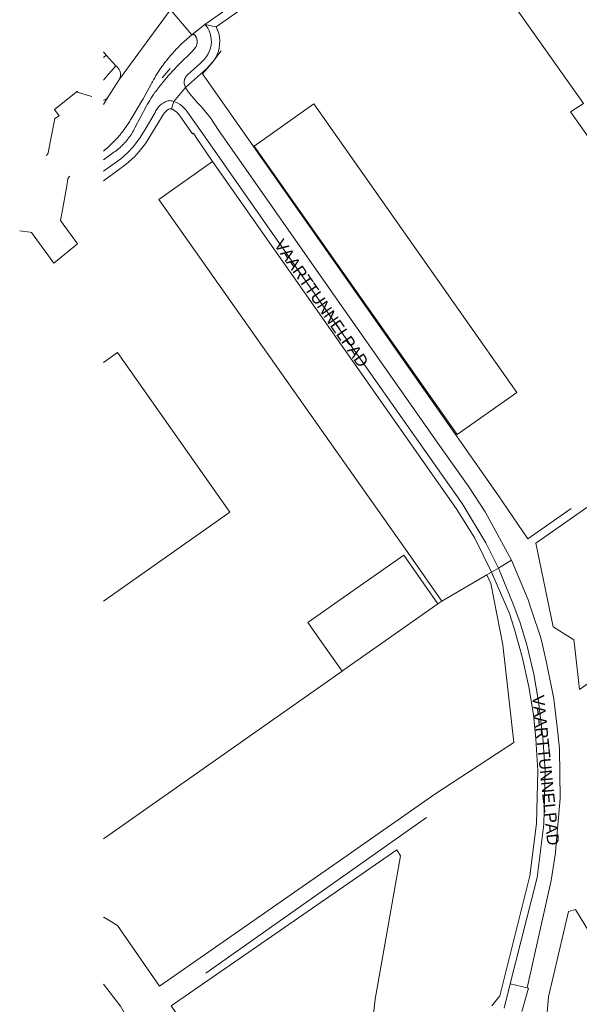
# Model space of a CAD drawing. Header units: metres. Extents: x 145932 to 146586, y 490286 to 490804.
# Tile 6 of 25: x 145932 to 146049, y 490425 to 490630. Entities that reach past the tile are written whole.
import ezdxf

# ---------------------------------------------------------------- set-up
doc = ezdxf.new("R2010")
doc.units = ezdxf.units.M
doc.header["$MEASUREMENT"] = 0
for name, color, linetype, lineweight in [('af-bs-hekwerk', 8, 'hekwerk', 18), ('af-bs-overig', 8, 'Continuous', 18), ('af-bs-rasterhekwerk', 8, 'hekwerk', 18), ('og-bs-bebouwing', 173, 'Continuous', 18), ('og-bs-gbkn-verharding', 40, 'Continuous', 9), ('og-bs-greppel', 133, 'greppel', 18), ('og-bs-straatnaam', 8, 'Continuous', 25)]:
    doc.layers.add(name, color=color, linetype=linetype, lineweight=lineweight)
doc.styles.add('rtw_iso', font='iso-rtw.shx')
doc.linetypes.add('greppel', pattern='A,25.5,-0.01,[14,RTW.shx,S=1,R=0,X=0,Y=0],1,[14,RTW.shx,S=1,R=0,X=0,Y=0],1,[14,RTW.shx,S=1,R=0,X=0,Y=0],1,[14,RTW.shx,S=1,R=0,X=0,Y=0],1,[14,RTW.shx,S=1,R=0,X=0,Y=0],0.5,-0.01', length=30.02)
doc.linetypes.add('hekwerk', pattern='A,7,-1.5,[1,RTW.shx,S=0.75,R=0,X=0,Y=0],-1.5', length=10)

msp = doc.modelspace()

# ---------------------------------------------------------------- linework, layer by layer
at = {"layer": 'af-bs-hekwerk'}
msp.add_line((145962.17, 490618.026), (145963.788, 490619.948), dxfattribs=at)
at = {"layer": 'af-bs-overig'}
for p, q in [((145972.61, 490600.62), (145961.45, 490592.73)), ((146149.362, 490597.519), (146039.98, 490521.18)), ((145961.45, 490592.73), (146000, 490538.102)), ((146030.778, 490515.108), (146029.805, 490514.542)), ((146020.416, 490509.082), (146029.805, 490514.542)), ((146000, 490494.776), (146007.448, 490500))]:
    msp.add_line(p, q, dxfattribs=at)
for points in [[(146000, 490538.102), (146013.311, 490519.239), (146020.416, 490509.082)], [(146048.01, 490500), (146047.89, 490501.03), (146043.56, 490503.74), (146039.98, 490521.18)], [(146033.086, 490500), (146030.628, 490512.747), (146029.805, 490514.542)], [(146007.448, 490500), (146019.591, 490508.516), (146020.416, 490509.082)], [(146000, 490455.69), (146018.97, 490468.91), (146035.41, 490479.64), (146033.086, 490500)], [(146062.293, 490500), (146049.09, 490490.71), (146048.01, 490500)], [(145949.895, 490459.632), (145999.616, 490494.507), (146000, 490494.776)], [(145949.895, 490443.258), (145949.98, 490443.33), (145952.84, 490441.6), (145961.57, 490428.91), (146000, 490455.69)], [(146000, 490449.723), (146011, 490457.33), (146011.76, 490456.09), (146006.53, 490426.27), (146005.25, 490414.86), (146005.227, 490406.804), (146006.046, 490398.789), (146007.2, 490392.89), (146000, 490387.82)], [(146000, 490387.82), (145997.26, 490385.89), (145990.44, 490386.29), (145964.02, 490424.84), (146000, 490449.723)], [(145949.895, 490354.791), (145951.23, 490355.52), (145985.11, 490377.44), (145956.75, 490419.09), (145953.46, 490424.76), (145949.895, 490429.393)]]:
    msp.add_lwpolyline(points, dxfattribs=at)
msp.add_lwpolyline([(146046.8, 490444.51), (146048.22, 490444.9), (146061.22, 490423.57), (146042.7, 490411.88), (146042.312, 490415.343), (146042.157, 490421.054), (146042.6, 490426.75)], close=True, dxfattribs=at)
at = {"layer": 'af-bs-rasterhekwerk'}
for points in [[(145974.408, 490623.665), (145972.519, 490621.116), (145970.551, 490618.898), (146000, 490576.936)], [(146000, 490576.936), (146032.06, 490531.253), (146038.332, 490522.07), (146047.34, 490528.348)]]:
    msp.add_lwpolyline(points, dxfattribs=at)
at = {"layer": 'og-bs-bebouwing'}
for p, q in [((146000, 490577.302), (145981.308, 490603.839)), ((146007.448, 490500), (146019.591, 490508.516)), ((145995.754, 490500), (145999.616, 490494.507)), ((146000, 490494.776), (146007.448, 490500)), ((145999.616, 490494.507), (146000, 490494.776))]:
    msp.add_line(p, q, dxfattribs=at)
for points in [[(146049.9, 490612.724), (146031.354, 490638.934), (146061.435, 490660.219)], [(145981.308, 490603.839), (145993.743, 490612.598), (146000, 490603.715)], [(146088.629, 490590.142), (146070.807, 490577.572), (146067.003, 490582.965), (146062.672, 490579.91), (146056.159, 490589.144), (146060.491, 490592.199), (146047.188, 490610.925), (146049.9, 490612.724)], [(146000, 490603.715), (146036.046, 490552.541), (146023.611, 490543.782), (146000, 490577.302)], [(145949.895, 490558.802), (145952.854, 490560.883), (145976.258, 490527.627), (145949.895, 490509.065)], [(146019.591, 490508.516), (146012.486, 490518.673), (146000, 490509.925)], [(146000, 490509.925), (145992.48, 490504.656), (145995.754, 490500)]]:
    msp.add_lwpolyline(points, dxfattribs=at)
at = {"layer": 'og-bs-gbkn-verharding'}
for p, q in [((145953.244, 490617.762), (145963.622, 490631.824)), ((145963.989, 490632.086), (145968.351, 490626.977)), ((145968.351, 490626.977), (145971.065, 490629.156)), ((145971.065, 490629.156), (145973.408, 490628.66)), ((145950.452, 490622.75), (145952.47, 490620.564)), ((145950.786, 490613.84), (145953.244, 490617.762)), ((145944.518, 490615.288), (145939.751, 490611.457)), ((145967.022, 490616.035), (145964.583, 490613.102)), ((145964.583, 490613.102), (145964.09, 490611.551)), ((145972.61, 490600.62), (146000, 490561.689)), ((145942.259, 490595.576), (145941.78, 490592.83)), ((145941.78, 490592.83), (145941.384, 490590.558)), ((145934.652, 490585.903), (145932.469, 490586.156)), ((145944.502, 490583.486), (145939.583, 490579.466)), ((146034.879, 490517.62), (146032.187, 490515.928)), ((146030.778, 490515.108), (146032.187, 490515.928)), ((146033.38, 490424.36), (146034.64, 490429.45)), ((146038.2, 490428.61), (146034.64, 490429.45))]:
    msp.add_line(p, q, dxfattribs=at)
for points in [[(145989.571, 490642.236), (145981.84, 490636.76), (145971.065, 490629.156)], [(145989.571, 490642.236), (145992.027, 490638.785), (145987.328, 490635.477), (145985.908, 490637.488), (145973.408, 490628.66)], [(145971.065, 490629.156), (145971.301, 490628.852), (145971.633, 490628.343), (145971.909, 490627.801), (145972.127, 490627.234), (145972.285, 490626.647), (145972.38, 490626.046), (145972.412, 490625.439), (145972.338, 490624.876), (145972.19, 490624.24), (145971.976, 490623.624), (145971.7, 490623.033), (145971.363, 490622.475), (145970.969, 490621.954), (145970.523, 490621.478), (145970.03, 490621.051), (145967.404, 490618.678), (145967.264, 490618.534), (145967.125, 490618.36), (145967.005, 490618.171), (145966.905, 490617.971), (145966.826, 490617.762), (145966.77, 490617.545), (145966.737, 490617.324), (145966.727, 490617.101), (145966.741, 490616.878), (145966.777, 490616.657), (145966.837, 490616.441), (145966.919, 490616.233), (145967.022, 490616.035)], [(145973.408, 490628.66), (145973.703, 490627.962), (145973.923, 490627.237), (145974.066, 490626.494), (145974.13, 490625.739), (145974.115, 490624.982), (145974.021, 490624.23), (145973.869, 490623.561), (145973.636, 490622.926), (145973.338, 490622.318), (145972.978, 490621.745), (145972.678, 490621.351), (145971.372, 490619.911), (145967.022, 490616.035)], [(145964.377, 490619.509), (145964.833, 490619.995), (145965.063, 490620.236), (145965.294, 490620.475), (145965.527, 490620.713), (145968.399, 490623.503), (145969.041, 490624.289), (145969.08, 490624.348), (145969.149, 490624.463), (145969.181, 490624.522), (145969.211, 490624.582), (145969.265, 490624.704), (145969.312, 490624.829), (145969.352, 490624.957), (145969.383, 490625.087), (145969.407, 490625.219), (145969.416, 490625.285), (145969.423, 490625.352), (145969.431, 490625.485), (145969.433, 490625.552), (145969.432, 490625.619), (145969.424, 490625.753), (145969.408, 490625.886), (145969.397, 490625.952), (145969.369, 490626.083), (145969.334, 490626.212), (145969.291, 490626.338), (145969.24, 490626.462), (145969.212, 490626.523), (145969.043, 490626.855), (145969.021, 490626.88), (145968.972, 490626.925), (145968.919, 490626.964), (145968.861, 490626.996), (145968.799, 490627.021), (145968.735, 490627.038), (145968.703, 490627.044), (145968.67, 490627.048), (145968.604, 490627.049), (145968.57, 490627.047), (145968.538, 490627.043), (145968.473, 490627.028), (145968.441, 490627.018), (145968.38, 490626.993), (145968.351, 490626.977)], [(145968.351, 490626.977), (145966.261, 490625.206), (145965.943, 490624.893), (145965.753, 490624.701), (145965.376, 490624.314), (145965.19, 490624.119), (145965.005, 490623.922), (145964.822, 490623.724)], [(145950.452, 490622.75), (145949.895, 490623.483)], [(145964.822, 490623.724), (145964.64, 490623.524), (145964.281, 490623.121), (145963.816, 490622.584), (145963.653, 490622.391), (145963.332, 490622.002), (145963.017, 490621.608), (145962.862, 490621.409), (145962.709, 490621.209), (145962.557, 490621.007), (145962.258, 490620.601), (145962.111, 490620.396), (145961.822, 490619.983), (145961.539, 490619.565), (145961.263, 490619.143), (145960.994, 490618.716), (145960.862, 490618.501), (145960.603, 490618.068), (145960.351, 490617.632), (145960.106, 490617.191), (145959.986, 490616.969), (145959.868, 490616.746), (145958.175, 490613.666), (145957.646, 490612.779), (145957.126, 490611.912), (145956.081, 490610.18), (145955.556, 490609.316), (145955.383, 490609.022), (145955.274, 490608.841), (145955.051, 490608.483), (145954.821, 490608.129), (145954.584, 490607.78), (145954.463, 490607.607), (145954.216, 490607.264), (145953.963, 490606.926), (145953.834, 490606.759), (145953.571, 490606.428), (145953.438, 490606.265), (145953.166, 490605.942), (145952.888, 490605.624), (145952.604, 490605.311), (145952.46, 490605.157), (145952.314, 490605.004), (145952.167, 490604.853), (145951.868, 490604.554), (145951.717, 490604.407), (145951.419, 490604.124), (145951.194, 490603.914), (145950.739, 490603.497), (145950.278, 490603.086)], [(145949.895, 490622.275), (145950.452, 490622.75)], [(145952.47, 490620.564), (145950.95, 490618.795), (145949.945, 490617.586), (145949.895, 490617.517)], [(145949.895, 490600.955), (145952.091, 490602.531), (145952.238, 490602.635), (145952.371, 490602.733), (145952.634, 490602.932), (145952.892, 490603.138), (145953.019, 490603.243), (145953.145, 490603.35), (145953.392, 490603.567), (145953.635, 490603.791), (145953.754, 490603.905), (145953.988, 490604.138), (145954.103, 490604.256), (145954.328, 490604.497), (145954.547, 490604.744), (145954.655, 490604.869), (145954.761, 490604.995), (145954.968, 490605.252), (145955.169, 490605.513), (145955.364, 490605.78), (145955.459, 490605.915), (145955.552, 490606.051), (145955.733, 490606.326), (145955.908, 490606.606), (145955.993, 490606.747), (145956.157, 490607.033), (145956.315, 490607.323), (145956.465, 490607.617), (145958.804, 490612.051), (145959.031, 490612.457), (145959.284, 490612.894), (145959.544, 490613.328), (145959.811, 490613.757), (145959.947, 490613.97), (145960.224, 490614.393), (145960.365, 490614.602), (145960.652, 490615.019), (145960.798, 490615.225), (145960.946, 490615.43), (145961.355, 490615.96), (145961.768, 490616.483), (145961.977, 490616.742), (145962.4, 490617.257), (145962.829, 490617.766), (145963.045, 490618.019), (145963.483, 490618.521), (145963.927, 490619.018), (145964.151, 490619.264), (145964.377, 490619.509)], [(145953.244, 490617.762), (145953.278, 490617.824), (145953.363, 490618.011), (145953.428, 490618.206), (145953.472, 490618.406), (145953.495, 490618.61), (145953.497, 490618.816), (145953.477, 490619.02), (145953.412, 490619.26), (145953.315, 490619.514), (145953.192, 490619.758), (145953.044, 490619.986), (145952.873, 490620.199), (145952.681, 490620.392), (145952.47, 490620.564)], [(145944.518, 490615.288), (145944.449, 490615.049), (145947.467, 490614.128)], [(145967.022, 490616.035), (145967.211, 490615.656), (145967.535, 490615.126), (145969.524, 490612.834), (145970.256, 490612.06), (145972.192, 490609.703), (145973.87, 490607.156), (146000, 490569.87)], [(145950.786, 490613.84), (145950.742, 490613.785), (145950.712, 490613.751), (145950.68, 490613.718), (145950.611, 490613.657), (145950.538, 490613.602), (145950.5, 490613.577), (145950.42, 490613.532), (145950.379, 490613.512), (145950.294, 490613.478), (145950.25, 490613.464), (145950.162, 490613.441), (145950.117, 490613.433), (145950.026, 490613.422), (145949.98, 490613.42), (145949.934, 490613.419), (145949.895, 490613.421)], [(145949.895, 490612.485), (145950.786, 490613.84)], [(145949.895, 490598.585), (145951.842, 490599.965), (145953.514, 490601.176), (145954.904, 490602.427), (145956.078, 490603.671), (145957.448, 490605.424), (145958.627, 490607.31), (145960.658, 490610.849), (145960.851, 490611.221), (145961.109, 490611.616), (145961.406, 490611.982), (145961.74, 490612.315), (145962.107, 490612.611), (145962.503, 490612.867), (145962.586, 490612.929), (145962.764, 490613.04), (145962.953, 490613.131), (145963.15, 490613.203), (145963.354, 490613.254), (145963.561, 490613.283), (145963.771, 490613.29), (145963.98, 490613.275), (145964.187, 490613.239), (145964.389, 490613.181), (145964.583, 490613.102)], [(145939.751, 490611.457), (145940.7, 490610.13), (145939.769, 490609.538), (145938.423, 490602.504), (145938.416, 490602.475), (145938.389, 490602.385), (145938.354, 490602.297), (145938.311, 490602.212), (145938.288, 490602.171), (145938.262, 490602.131), (145938.206, 490602.055), (145938.176, 490602.019), (145938.144, 490601.984), (145938.111, 490601.95), (145938.076, 490601.918), (145938.04, 490601.887), (145938.003, 490601.858)], [(145949.895, 490596.619), (145952.802, 490598.689), (145954.669, 490600.06), (145956.382, 490601.618), (145957.36, 490602.672), (145958.73, 490604.437), (145959.392, 490605.448), (145962.026, 490609.803), (145962.196, 490610.147), (145962.401, 490610.471), (145962.639, 490610.772), (145962.907, 490611.047), (145963.202, 490611.292), (145963.291, 490611.356), (145963.366, 490611.414), (145963.447, 490611.464), (145963.532, 490611.505), (145963.621, 490611.537), (145963.713, 490611.559), (145963.807, 490611.572), (145963.902, 490611.575), (145963.996, 490611.568), (145964.09, 490611.551)], [(145964.09, 490611.551), (145964.18, 490611.524), (145964.268, 490611.488), (145964.352, 490611.444), (145964.43, 490611.39), (145964.479, 490611.35), (145964.843, 490611.126), (145965.182, 490610.865), (145965.492, 490610.57), (145965.769, 490610.244), (145965.845, 490610.142), (145968.468, 490606.385), (145968.646, 490606.496), (145969.259, 490605.631), (145972.61, 490600.62)], [(145964.583, 490613.102), (145964.922, 490612.978), (145965.425, 490612.742), (145965.902, 490612.455), (145966.345, 490612.12), (145966.751, 490611.74), (145967.115, 490611.32), (145967.433, 490610.864), (145970.598, 490606.369), (146000, 490564.393)], [(145950.278, 490603.086), (145949.895, 490602.753)], [(145942.259, 490595.576), (145942.493, 490596.935), (145942.508, 490596.994), (145942.522, 490597.038), (145942.537, 490597.081), (145942.554, 490597.123), (145942.594, 490597.206), (145942.617, 490597.246), (145942.642, 490597.285), (145942.695, 490597.359), (145942.756, 490597.428), (145942.788, 490597.461), (145942.821, 490597.492), (145942.892, 490597.549)], [(145941.384, 490590.558), (145941, 490588.353), (145944.502, 490583.486)], [(145939.583, 490579.466), (145934.91, 490585.873), (145934.652, 490585.903)], [(146000, 490569.87), (146019.91, 490541.5), (146026.043, 490532.909), (146029.426, 490527.669), (146034.879, 490517.62)], [(146000, 490564.393), (146024.606, 490529.417), (146029.545, 490521.215), (146032.187, 490515.928)], [(146000, 490561.689), (146023.372, 490528.368), (146027.263, 490522.187), (146030.778, 490515.108)], [(146041.379, 490500), (146041.043, 490501.465), (146039.065, 490507.224), (146038.368, 490509.362), (146034.879, 490517.62)], [(146036.43, 490500), (146035.42, 490503.688), (146034.483, 490506.517), (146033.771, 490508.095), (146030.778, 490515.108)], [(146038.07, 490500), (146036.67, 490504.799), (146035.251, 490508.495), (146032.187, 490515.928)], [(146030.818, 490424.856), (146032.46, 490426.95), (146038.75, 490451.91), (146040.15, 490462.81), (146040.403, 490473.797), (146039.967, 490480.46), (146039.481, 490485.502), (146038.544, 490491.261), (146037.19, 490497.222), (146036.43, 490500)], [(146034.64, 490429.45), (146040.23, 490451.59), (146041.655, 490462.658), (146041.915, 490473.815), (146041.443, 490480.659), (146040.523, 490488.23), (146039.585, 490493.888), (146038.232, 490499.445), (146038.07, 490500)], [(146038.2, 490428.61), (146043.19, 490450.91), (146044.08, 490456.719), (146044.171, 490457.723), (146045.066, 490468.002), (146044.882, 490478.319), (146044.571, 490481.65), (146043.751, 490488.735), (146042.293, 490496.01), (146041.379, 490500)], [(146037.08, 490423.67), (146038.47, 490428.54), (146038.2, 490428.61)]]:
    msp.add_lwpolyline(points, dxfattribs=at)
at = {"layer": 'og-bs-greppel'}
for p, q in [((146000, 490451.899), (146017.22, 490464.04)), ((145971.25, 490431.63), (146000, 490451.899))]:
    msp.add_line(p, q, dxfattribs=at)

# ---------------------------------------------------------------- texts
at = {"layer": 'og-bs-straatnaam', "style": 'rtw_iso'}
for rotation, p in [(304.74971, (145985.35, 490583.3)), (275.85601, (146039.21, 490489.38))]:
    msp.add_text('VAARTTUNNELPAD', height=2.5, rotation=rotation, dxfattribs=at).set_placement(p)

doc.saveas('drawing.dxf')

▶ [AIM OF THE TASK]: Could you report all lines of the listing that hold "units"?

▶ [RESULT]:
# Model space of a CAD drawing. Header units: metres. Extents: x 145932 to 146586, y 490286 to 490804.
doc.units = ezdxf.units.M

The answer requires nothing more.